A Jewish refresher course; Jewish voices of Broadway to visit

Ari Axelrod

By Ellen Futterman, Editor

Judaism 101

Maybe you’ve been asked to a Purim party but are reluctant to go because you don’t know the story behind the holiday. In fact, the only thing you associate with Purim is hamentaschen, though you have no clue why. 

Or perhaps you’re going to a friend’s house for Shabbat dinner and that friend keeps kosher. You want to bring something to add to the meal but are unsure if your signature salad with goat cheese is acceptable. 

For those dilemmas and many others, enter Jewbelong.com, a website aimed at making Judaism and its holidays, rituals, customs and practices more comfortable and easier to understand. It strives to end what it calls “JewBarrassment,” which translates into a lack of Jewish knowledge that can often serve as a barrier to Jewish engagement. 

Started by Margery Sue “Archie” Gottesman and Stacy Stuart, both of New Jersey, Jewbelong.com is probably best described as a primer on Judaism, with easy-to-digest information on Jewish holidays and lifecycle events as well as prayers and blessings for forgiveness, heartbreak, work, travel, and even pets. But perhaps the best thing about Jewbelong is that it doesn’t take itself too seriously. Humor abounds throughout its descriptions and explanations, but not at the expense of dispensing very useful information.

Beth Hamedrosh Hagodol Cemetery advertisement

Take Passover for example. Along with a short summary of the Passover story and an explanation of what a seder is, Jewbelong provides step-by-step directions for hosting a “kick-a- -” seder, along with Passover songs, blessings, readings, food and even a skit. I, for one, am seriously considering constructing the website’s suggested Red Sea centerpiece for my seder table this year:

Fill a shallow serving dish with red Jell-O and let set.

Create two areas of “land” on each side, using whatever items you have handy — nuts, matzah, macaroons — literally anything works. 

Finish by adding figurines to represent Moses and the Israelites.
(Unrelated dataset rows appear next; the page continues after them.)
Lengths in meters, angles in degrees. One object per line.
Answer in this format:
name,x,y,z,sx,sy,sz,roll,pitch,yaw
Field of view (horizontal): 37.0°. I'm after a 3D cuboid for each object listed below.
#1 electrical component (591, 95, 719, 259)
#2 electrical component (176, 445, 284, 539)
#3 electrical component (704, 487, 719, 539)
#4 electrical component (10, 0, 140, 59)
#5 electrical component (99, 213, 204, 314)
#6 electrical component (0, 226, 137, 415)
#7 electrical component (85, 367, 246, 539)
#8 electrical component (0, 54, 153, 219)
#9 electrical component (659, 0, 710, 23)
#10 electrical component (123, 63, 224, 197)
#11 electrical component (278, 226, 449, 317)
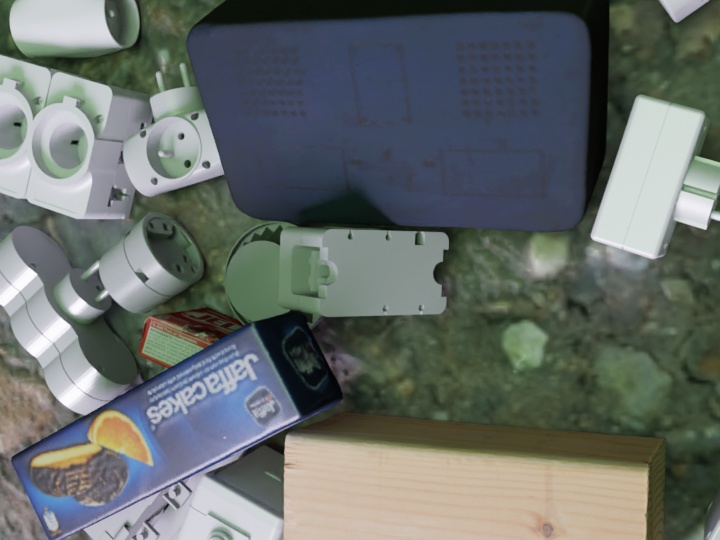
electrical component,0.180,-0.045,0.597,0.076,0.047,0.083,20,99,20
electrical component,-0.067,0.155,0.676,0.062,0.096,0.061,25,101,19
electrical component,0.232,0.108,0.567,0.057,0.078,0.113,28,102,15
electrical component,-0.196,-0.189,0.740,0.077,0.044,0.079,-1,92,21
electrical component,-0.141,-0.003,0.722,0.047,0.055,0.055,-34,80,23
electrical component,-0.199,0.024,0.746,0.074,0.052,0.138,-40,78,18
electrical component,-0.135,0.129,0.720,0.079,0.063,0.121,41,106,14
electrical component,-0.229,-0.098,0.748,0.150,0.062,0.089,18,99,20
electrical component,0.171,-0.193,0.590,0.059,0.054,0.095,-35,80,19
electrical component,-0.117,-0.096,0.713,0.077,0.044,0.079,-14,87,21
electrical component,0.000,0.000,0.644,0.056,0.089,0.050,7,95,56

“Our Judaism should continuously fill us with joy, warmth and meaning and be something we look forward to, from Shabbat to the major holidays to lifecycle events,” Gottesman explains on the website. “Everyone wants meaning in their lives. If Jews don’t find it in their Judaism, they will find it at yoga. Why not help Jews find the meaning in Judaism? How amazing would it be if disengaged Jews saw their Judaism as a gift, and as something that will add beautiful connections in their lives?”

Check it out at Jewbelong.com.

A taste of Broadway 

A couple of upcoming shows in town feature some incredibly talented Jewish performers by way of New York’s Broadway. 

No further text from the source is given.